Begin at the line below that has "- green bean cake [167,212,240,256]" and stop after the line that has "- toy car [240,75,322,151]". Please restate only those lines, word for word.

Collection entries
== Segment start ==

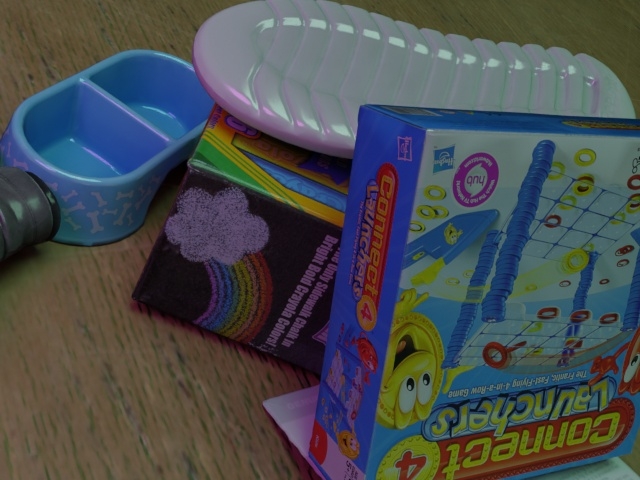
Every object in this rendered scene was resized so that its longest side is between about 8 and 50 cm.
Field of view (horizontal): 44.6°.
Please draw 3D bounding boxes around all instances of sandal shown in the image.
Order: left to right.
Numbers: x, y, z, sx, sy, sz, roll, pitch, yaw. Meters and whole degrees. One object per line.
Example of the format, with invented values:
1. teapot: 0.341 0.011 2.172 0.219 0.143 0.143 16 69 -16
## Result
1. sandal: 0.088 -0.115 0.719 0.416 0.102 0.169 7 55 -10

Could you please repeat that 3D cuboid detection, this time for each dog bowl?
1. dog bowl: -0.212 -0.113 0.829 0.166 0.074 0.297 35 41 5

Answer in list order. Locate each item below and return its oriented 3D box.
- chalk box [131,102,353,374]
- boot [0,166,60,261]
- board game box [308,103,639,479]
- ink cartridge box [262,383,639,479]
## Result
1. chalk box: 0.000 0.000 0.755 0.289 0.180 0.179 24 37 -10
2. boot: -0.409 -0.053 0.642 0.338 0.118 0.222 36 33 -4
3. board game box: 0.160 0.050 0.646 0.308 0.301 0.086 -3 21 -28
4. ink cartridge box: 0.160 0.262 0.692 0.308 0.091 0.385 -8 36 -36
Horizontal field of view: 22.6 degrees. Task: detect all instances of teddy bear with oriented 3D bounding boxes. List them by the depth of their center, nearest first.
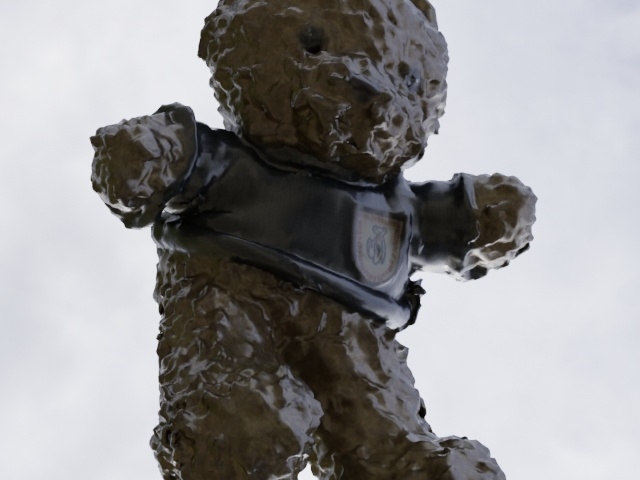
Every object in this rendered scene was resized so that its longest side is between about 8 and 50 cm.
[{"bbox_3d":[-0.012,0.007,0.642,0.129,0.182,0.251,-25,-126,53],"label":"teddy bear"}]
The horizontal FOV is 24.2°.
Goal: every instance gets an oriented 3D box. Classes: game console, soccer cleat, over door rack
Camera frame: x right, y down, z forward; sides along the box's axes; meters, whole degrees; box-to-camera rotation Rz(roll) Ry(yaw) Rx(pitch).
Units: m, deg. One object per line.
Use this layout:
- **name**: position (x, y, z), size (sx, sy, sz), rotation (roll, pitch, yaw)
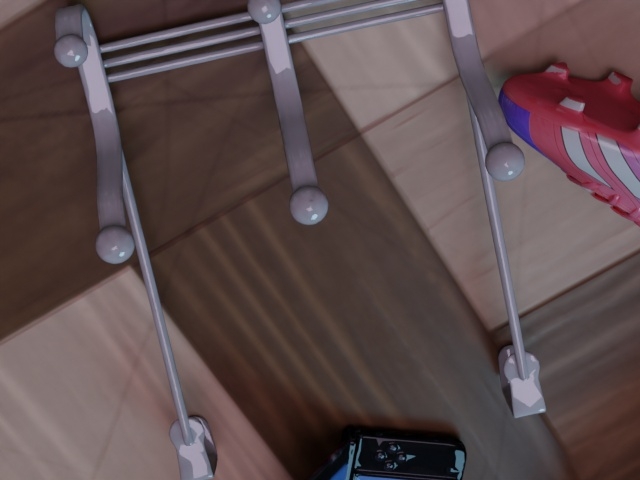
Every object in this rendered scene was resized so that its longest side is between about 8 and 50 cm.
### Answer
- **game console**: position (0.031, 0.206, 0.986), size (0.124, 0.085, 0.144), rotation (6, 116, -7)
- **soccer cleat**: position (0.211, -0.028, 0.890), size (0.248, 0.083, 0.095), rotation (17, 118, -15)
- **over door rack**: position (0.000, 0.000, 0.871), size (0.239, 0.108, 0.324), rotation (-11, 117, 2)
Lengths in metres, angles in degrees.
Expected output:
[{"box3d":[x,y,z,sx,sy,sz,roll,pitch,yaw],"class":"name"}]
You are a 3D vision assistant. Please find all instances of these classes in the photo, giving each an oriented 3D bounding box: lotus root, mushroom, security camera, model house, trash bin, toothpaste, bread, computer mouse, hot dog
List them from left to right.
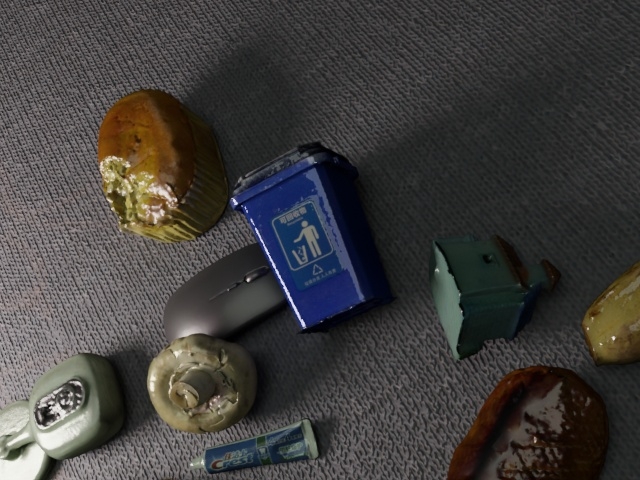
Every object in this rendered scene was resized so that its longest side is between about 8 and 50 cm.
[{"box3d":[-0.445,0.298,1.219,0.302,0.080,0.157,-33,63,15],"class":"security camera"},{"box3d":[-0.263,-0.123,1.241,0.179,0.133,0.250,-22,66,13],"class":"bread"},{"box3d":[-0.166,0.201,1.080,0.154,0.122,0.154,1,98,10],"class":"mushroom"},{"box3d":[-0.144,0.092,1.154,0.232,0.057,0.120,-31,63,13],"class":"computer mouse"},{"box3d":[-0.097,0.297,1.078,0.197,0.035,0.057,-17,83,18],"class":"toothpaste"},{"box3d":[0.000,0.000,1.068,0.163,0.184,0.234,-27,76,18],"class":"trash bin"},{"box3d":[0.225,0.061,0.977,0.149,0.119,0.148,-9,43,-3],"class":"model house"},{"box3d":[0.241,0.254,0.896,0.160,0.099,0.227,33,87,30],"class":"hot dog"},{"box3d":[0.417,0.055,0.887,0.258,0.097,0.110,-37,54,18],"class":"lotus root"}]

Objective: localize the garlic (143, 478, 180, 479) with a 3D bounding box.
[{"box3d":[-0.192,0.406,1.053,0.115,0.128,0.206,-15,58,-6],"class":"garlic"}]
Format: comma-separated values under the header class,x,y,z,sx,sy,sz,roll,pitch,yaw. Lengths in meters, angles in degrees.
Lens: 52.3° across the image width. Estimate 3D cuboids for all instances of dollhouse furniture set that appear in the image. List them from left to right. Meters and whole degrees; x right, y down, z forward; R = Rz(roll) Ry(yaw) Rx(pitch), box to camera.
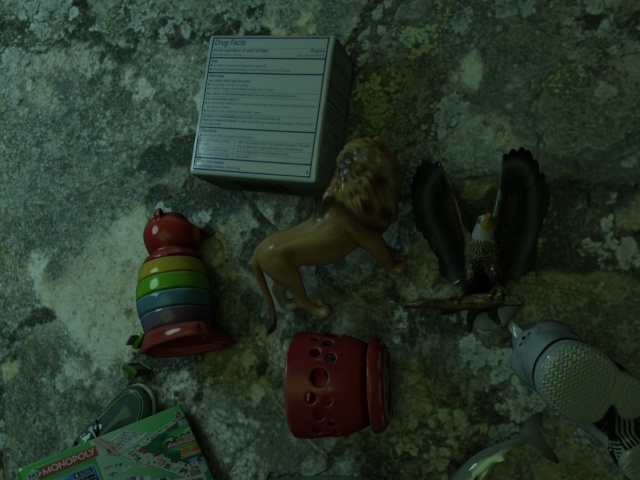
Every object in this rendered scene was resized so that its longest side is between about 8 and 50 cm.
class,x,y,z,sx,sy,sz,roll,pitch,yaw
dollhouse furniture set,-0.360,0.209,1.372,0.076,0.058,0.151,28,92,19

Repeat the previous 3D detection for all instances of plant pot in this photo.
class,x,y,z,sx,sy,sz,roll,pitch,yaw
plant pot,0.037,0.256,1.171,0.174,0.191,0.191,-5,81,12

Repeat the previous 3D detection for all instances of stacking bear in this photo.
class,x,y,z,sx,sy,sz,roll,pitch,yaw
stacking bear,-0.294,0.078,1.324,0.164,0.175,0.289,-13,69,8

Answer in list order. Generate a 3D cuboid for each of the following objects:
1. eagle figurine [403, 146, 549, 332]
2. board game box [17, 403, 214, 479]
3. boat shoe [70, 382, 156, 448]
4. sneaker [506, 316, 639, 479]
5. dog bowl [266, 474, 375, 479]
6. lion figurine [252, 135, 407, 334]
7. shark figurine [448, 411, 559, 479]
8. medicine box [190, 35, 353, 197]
class,x,y,z,sx,sy,sz,roll,pitch,yaw
eagle figurine,0.282,-0.005,1.152,0.226,0.225,0.298,22,52,-19
board game box,-0.371,0.466,1.225,0.317,0.046,0.213,-16,61,-30
boat shoe,-0.458,0.438,1.351,0.116,0.099,0.319,38,95,19
sneaker,0.457,0.253,1.070,0.366,0.210,0.137,38,97,-16
dog bowl,-0.019,0.478,1.118,0.265,0.265,0.104,-6,78,17
lion figurine,0.000,0.000,1.191,0.392,0.142,0.240,-35,118,5
shark figurine,0.268,0.401,1.129,0.166,0.116,0.278,26,101,-14
medicine box,-0.092,-0.247,1.298,0.264,0.149,0.289,6,84,18
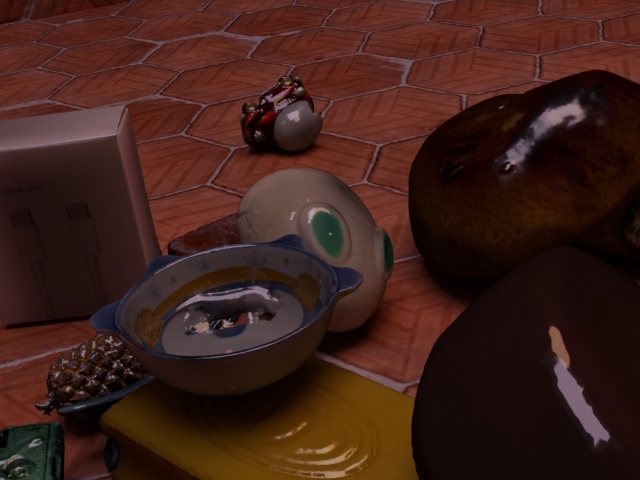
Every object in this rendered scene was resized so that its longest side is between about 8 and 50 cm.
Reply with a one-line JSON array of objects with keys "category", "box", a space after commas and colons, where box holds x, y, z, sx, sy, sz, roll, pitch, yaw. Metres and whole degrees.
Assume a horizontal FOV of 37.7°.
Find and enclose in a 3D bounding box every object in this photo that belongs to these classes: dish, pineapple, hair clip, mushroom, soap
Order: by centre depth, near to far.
[{"category": "soap", "box": [-0.027, 0.196, 0.854, 0.324, 0.096, 0.204, 17, 37, 37]}, {"category": "dish", "box": [-0.078, 0.081, 0.887, 0.236, 0.086, 0.228, 2, 29, 19]}, {"category": "hair clip", "box": [-0.144, 0.114, 0.985, 0.275, 0.083, 0.048, -44, 8, -28]}, {"category": "pineapple", "box": [-0.208, 0.132, 1.026, 0.221, 0.103, 0.083, -29, 57, -29]}, {"category": "mushroom", "box": [0.275, -0.055, 1.177, 0.345, 0.259, 0.345, -31, 15, 9]}]

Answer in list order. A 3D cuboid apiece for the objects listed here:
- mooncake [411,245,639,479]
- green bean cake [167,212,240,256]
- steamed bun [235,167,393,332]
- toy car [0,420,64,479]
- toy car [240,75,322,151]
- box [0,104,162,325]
[{"category": "mooncake", "box": [0.216, 0.163, 0.707, 0.334, 0.174, 0.326, 19, 34, -43]}, {"category": "green bean cake", "box": [-0.117, 0.022, 1.237, 0.136, 0.056, 0.135, -26, 33, -31]}, {"category": "steamed bun", "box": [0.000, 0.000, 1.110, 0.177, 0.130, 0.228, 22, 29, -37]}, {"category": "toy car", "box": [-0.390, 0.250, 0.837, 0.321, 0.097, 0.141, -10, 29, -7]}, {"category": "toy car", "box": [-0.057, -0.198, 1.595, 0.139, 0.112, 0.112, -32, 52, -21]}, {"category": "box", "box": [-0.320, -0.029, 1.172, 0.203, 0.251, 0.106, -6, 29, 1]}]
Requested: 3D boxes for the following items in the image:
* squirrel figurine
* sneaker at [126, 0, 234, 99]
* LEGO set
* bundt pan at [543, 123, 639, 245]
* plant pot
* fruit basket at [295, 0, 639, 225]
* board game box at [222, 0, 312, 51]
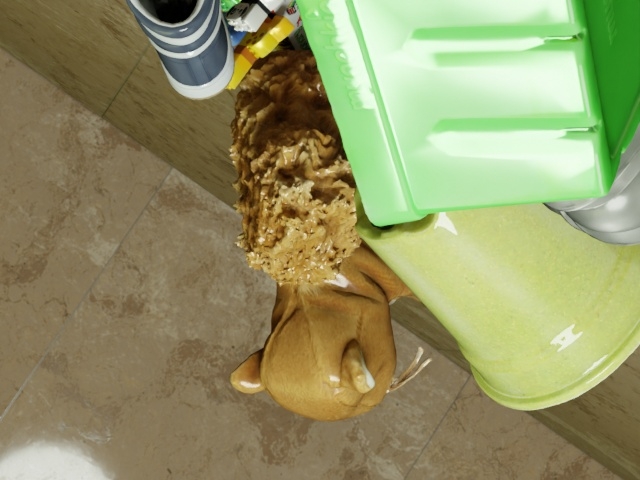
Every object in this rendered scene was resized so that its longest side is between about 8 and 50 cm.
[{"bbox_3d":[0.000,0.000,2.025,0.281,0.371,0.397,4,153,31],"label":"squirrel figurine"},{"bbox_3d":[-0.163,-0.295,1.829,0.153,0.099,0.282,68,-179,-67],"label":"sneaker"},{"bbox_3d":[-0.107,-0.222,1.957,0.087,0.093,0.227,43,165,-31],"label":"LEGO set"},{"bbox_3d":[0.192,-0.105,1.566,0.330,0.124,0.331,33,-176,-2],"label":"bundt pan"},{"bbox_3d":[0.179,-0.009,1.825,0.254,0.276,0.276,37,170,-28],"label":"plant pot"},{"bbox_3d":[0.035,-0.222,1.179,0.392,0.283,0.392,20,148,13],"label":"fruit basket"},{"bbox_3d":[-0.141,-0.311,2.074,0.305,0.053,0.193,30,170,21],"label":"board game box"}]
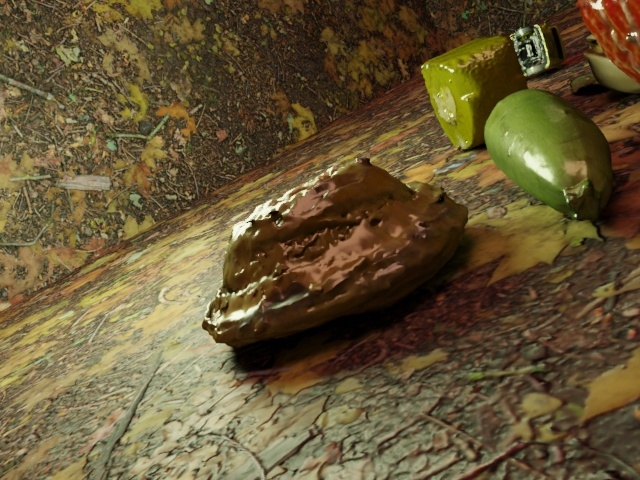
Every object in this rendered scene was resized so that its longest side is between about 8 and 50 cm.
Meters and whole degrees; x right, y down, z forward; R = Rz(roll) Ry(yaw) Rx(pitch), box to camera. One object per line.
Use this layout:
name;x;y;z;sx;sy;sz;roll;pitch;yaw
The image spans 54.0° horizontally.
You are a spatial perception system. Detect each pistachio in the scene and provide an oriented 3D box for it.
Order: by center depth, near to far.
pistachio;0.510;-0.301;1.010;0.152;0.126;0.223;12;19;2

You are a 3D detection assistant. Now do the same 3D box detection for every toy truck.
toy truck;0.509;-0.474;1.653;0.157;0.124;0.272;-23;7;-34

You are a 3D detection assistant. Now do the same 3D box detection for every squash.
squash;0.269;-0.108;0.735;0.118;0.118;0.370;-22;15;13

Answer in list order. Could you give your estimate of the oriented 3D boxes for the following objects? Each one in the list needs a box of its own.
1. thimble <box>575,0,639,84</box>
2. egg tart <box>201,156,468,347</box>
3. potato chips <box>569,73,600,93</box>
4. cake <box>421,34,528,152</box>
thimble;0.478;-0.311;0.682;0.350;0.350;0.230;-26;12;-3
egg tart;0.000;0.000;0.760;0.352;0.150;0.352;-24;10;5
potato chips;0.549;-0.319;1.213;0.142;0.026;0.209;-28;12;1
cake;0.292;-0.271;1.165;0.156;0.179;0.260;-25;17;5
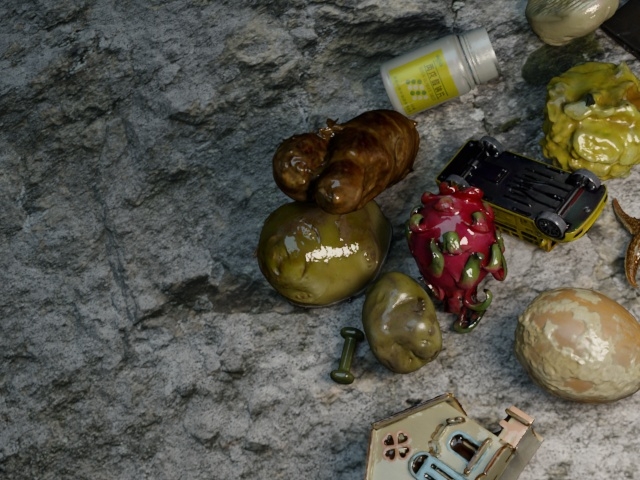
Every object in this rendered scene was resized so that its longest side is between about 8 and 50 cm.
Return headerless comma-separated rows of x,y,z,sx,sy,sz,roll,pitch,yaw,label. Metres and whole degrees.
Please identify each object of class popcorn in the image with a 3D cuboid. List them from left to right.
0.548,-0.242,1.677,0.249,0.225,0.249,-13,51,17,popcorn

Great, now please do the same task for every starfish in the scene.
0.630,-0.010,1.602,0.213,0.057,0.238,-39,52,-8,starfish

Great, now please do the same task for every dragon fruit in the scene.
0.271,0.023,1.658,0.218,0.272,0.198,18,55,39,dragon fruit

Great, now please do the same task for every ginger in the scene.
0.054,-0.182,1.816,0.254,0.176,0.418,21,35,27,ginger

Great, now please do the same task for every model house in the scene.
0.201,0.398,1.504,0.244,0.169,0.326,31,79,39,model house

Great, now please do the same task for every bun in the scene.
0.571,-0.523,1.899,0.210,0.116,0.237,-38,29,10,bun

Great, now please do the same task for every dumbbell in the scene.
0.055,0.238,1.747,0.052,0.046,0.118,5,63,23,dumbbell

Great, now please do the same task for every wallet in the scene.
0.786,-0.519,1.837,0.321,0.044,0.170,-38,55,0,wallet

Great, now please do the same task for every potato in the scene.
0.000,0.000,1.828,0.300,0.196,0.246,-34,54,3,potato
0.159,0.162,1.679,0.155,0.137,0.200,-35,57,15,potato

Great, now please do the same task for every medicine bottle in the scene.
0.277,-0.390,1.951,0.258,0.143,0.143,-21,54,14,medicine bottle

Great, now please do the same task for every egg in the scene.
0.460,0.184,1.480,0.245,0.203,0.203,23,72,12,egg

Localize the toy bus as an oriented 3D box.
0.406,-0.084,1.697,0.331,0.151,0.145,27,66,37,toy bus

== Segment end ==

**RESULT FOR THIS EXERCISE:**
- green bean cake [167,212,240,256]
- steamed bun [235,167,393,332]
- toy car [0,420,64,479]
- toy car [240,75,322,151]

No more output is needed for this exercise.